**Review Part II**

**Starting New Lines in Output**

To start a new output line, you can include \n in a quoted string, as in the

following example:

cout << "You have definitely won\n" << "one of the following prizes:\n"; Recall that \n is typed as two symbols with no space in-between the two symbols. Alternatively, you can start a new line by outputting endl. An equivalent way to write the above cout statement is as follows: cout << "You have definitely won" << endl << "one of the following prizes:" << endl;

**Outputting Values of Type double**

If you insert the following “magic formula” in your program, then all

numbers of type double (or any other type that allows for digits after the

decimal point) will be output in ordinary everyday notation with two digits

after the decimal point:

cout.setf(ios::fixed);

cout.setf(ios::showpoint);

cout.precision(2);

You can use any other nonnegative whole number in place of the 2 to

specify a different number of digits after the decimal point. You can even

use a variable of type int in place of the 2

**cin Statements**

A cin statement sets variables equal to values typed in at the keyboard.

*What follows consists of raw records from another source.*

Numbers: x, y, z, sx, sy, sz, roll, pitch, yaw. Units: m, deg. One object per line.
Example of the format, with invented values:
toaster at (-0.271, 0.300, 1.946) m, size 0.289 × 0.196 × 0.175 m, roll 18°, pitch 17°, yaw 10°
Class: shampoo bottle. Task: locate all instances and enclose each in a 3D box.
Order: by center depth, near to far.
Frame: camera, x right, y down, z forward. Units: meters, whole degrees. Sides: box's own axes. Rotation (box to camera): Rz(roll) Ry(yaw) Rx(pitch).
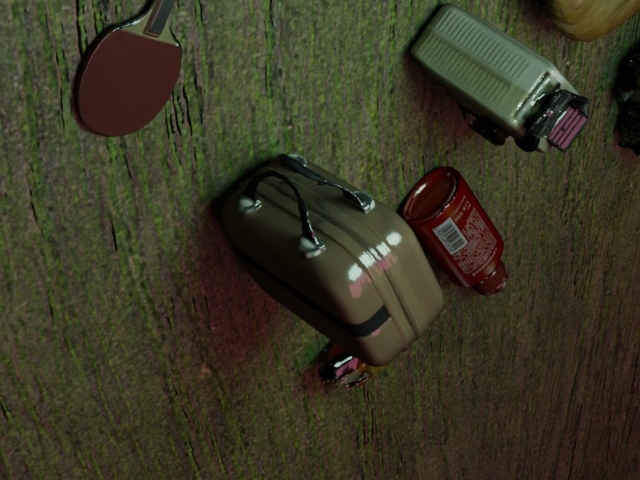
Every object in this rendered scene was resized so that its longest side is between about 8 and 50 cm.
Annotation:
shampoo bottle at (0.234, -0.003, 1.957) m, size 0.118 × 0.076 × 0.314 m, roll -52°, pitch 144°, yaw -6°

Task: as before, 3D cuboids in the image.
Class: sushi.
sushi at (0.086, 0.168, 1.939) m, size 0.226 × 0.103 × 0.097 m, roll -37°, pitch 114°, yaw -14°
sushi at (0.654, -0.234, 2.091) m, size 0.234 × 0.207 × 0.348 m, roll -55°, pitch 148°, yaw 1°

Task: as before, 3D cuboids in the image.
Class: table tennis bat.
table tennis bat at (-0.209, -0.218, 1.369) m, size 0.130 × 0.019 × 0.220 m, roll 7°, pitch 117°, yaw -48°

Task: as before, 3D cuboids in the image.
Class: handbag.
handbag at (0.000, 0.000, 1.545) m, size 0.149 × 0.302 × 0.283 m, roll -40°, pitch 136°, yaw -16°

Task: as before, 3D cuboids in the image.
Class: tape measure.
tape measure at (0.272, -0.199, 1.668) m, size 0.133 × 0.271 × 0.231 m, roll -55°, pitch 141°, yaw 6°

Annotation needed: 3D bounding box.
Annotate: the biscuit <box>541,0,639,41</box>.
biscuit at (0.482, -0.484, 1.697) m, size 0.446 × 0.104 × 0.429 m, roll -39°, pitch 155°, yaw -30°
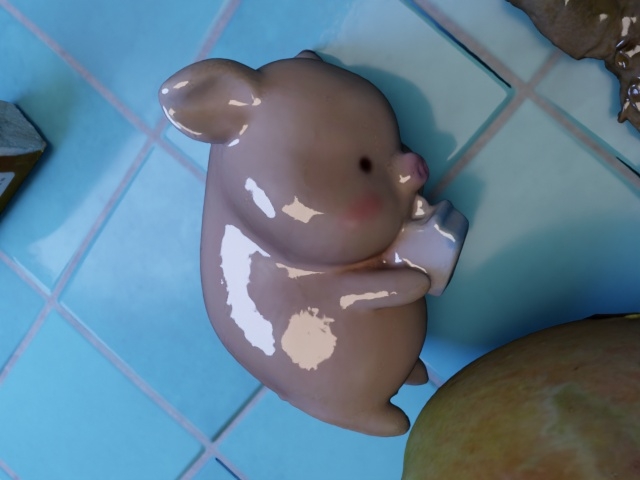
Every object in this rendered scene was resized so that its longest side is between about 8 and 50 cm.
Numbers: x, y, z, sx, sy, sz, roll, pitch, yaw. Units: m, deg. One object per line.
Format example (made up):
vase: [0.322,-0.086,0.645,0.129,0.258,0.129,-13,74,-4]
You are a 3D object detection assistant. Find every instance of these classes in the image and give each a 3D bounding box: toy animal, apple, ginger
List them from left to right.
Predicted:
toy animal: [0.002,-0.003,0.482,0.212,0.195,0.256,18,112,19]
apple: [0.198,0.216,0.417,0.305,0.338,0.339,-10,101,36]
ginger: [0.213,-0.166,0.432,0.122,0.084,0.290,-38,90,30]

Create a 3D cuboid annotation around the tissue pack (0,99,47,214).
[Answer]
tissue pack: [-0.406,-0.038,0.616,0.092,0.183,0.226,46,112,7]

SYNTAX cin >> Variable_1 >> Variable_2 >> . . . ;

EXAMPLE cin >> number >> size;

cin >> time_to_go

>> points_needed;

**The “and” Operator &&**

You can form a more elaborate Boolean expression by combining two

simple tests using the “and” operator &&.

SYNTAX (FOR A BOOLEAN EXPRESSION USING &&)

(Comparison_1) && (Comparison_2)

**EXAMPLE**

(WITHIN AN if-else STATEMENT)

if ( (score > 0) && (score < 10) ) cout << "score is between 0 and 10\n"; else cout << "score is not between 0 and 10.\n"; If the value of score is greater than 0 and the value of score is also less than 10, then the first cout statement will be executed; otherwise, the second cout statement will be executed.

**The “or” Operator ||**

You can form a more elaborate Boolean expression by combining two

simple tests using the “or” operator ||.

SYNTAX (FOR A BOOLEAN EXPRESSION USING ||)

(Comparison_1) || (Comparison_2)

**EXAMPLE**

(WITHIN AN if-else STATEMENT)

if ( (x == 1) || (x == y) )

cout << "x is 1 or x equals y.\n";

else

cout << "x is neither 1 nor equal to y.\n";

If the value of x is equal to 1 or the value of x is equal to the value of y (or

both), then the first cout statement will be executed; otherwise, the

second cout statement will be executed.